(Beginning of Material for this exercise)

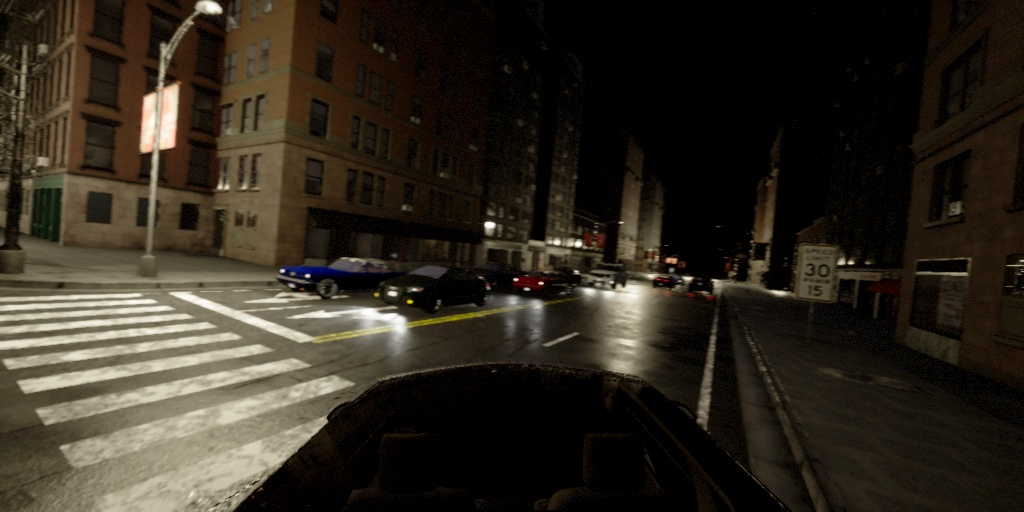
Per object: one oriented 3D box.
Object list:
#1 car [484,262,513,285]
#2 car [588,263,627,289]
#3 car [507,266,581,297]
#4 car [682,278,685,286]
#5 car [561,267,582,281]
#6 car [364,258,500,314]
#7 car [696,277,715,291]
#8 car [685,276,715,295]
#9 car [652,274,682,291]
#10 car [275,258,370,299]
[{"bbox_3d":[-0.937,1.111,21.416,2.033,1.411,5.357,6,0,31],"label":"car"},{"bbox_3d":[8.372,1.659,30.862,2.150,2.045,5.566,6,0,31],"label":"car"},{"bbox_3d":[1.893,1.452,19.849,1.895,1.301,4.718,6,0,31],"label":"car"},{"bbox_3d":[21.102,3.166,46.094,2.033,1.411,5.357,6,0,31],"label":"car"},{"bbox_3d":[4.531,1.624,30.778,1.994,1.385,4.181,6,0,30],"label":"car"},{"bbox_3d":[-2.514,1.015,12.293,1.994,1.385,4.181,6,0,30],"label":"car"},{"bbox_3d":[24.909,3.518,46.148,1.812,1.442,4.674,6,1,31],"label":"car"},{"bbox_3d":[19.119,2.827,36.156,2.097,1.767,4.553,6,0,31],"label":"car"},{"bbox_3d":[15.705,2.628,36.770,2.128,1.511,4.902,6,0,31],"label":"car"},{"bbox_3d":[-5.776,0.725,13.132,1.895,1.301,4.718,6,0,30],"label":"car"}]

(End of Material for this exercise)

### Task brief
Find where the line with "#3 car [507,266,581,297]" sits in the material above, then copy exactly from it through the line with "#9 car [652,274,682,291]". Add no other line.

### Written answer
#3 car [507,266,581,297]
#4 car [682,278,685,286]
#5 car [561,267,582,281]
#6 car [364,258,500,314]
#7 car [696,277,715,291]
#8 car [685,276,715,295]
#9 car [652,274,682,291]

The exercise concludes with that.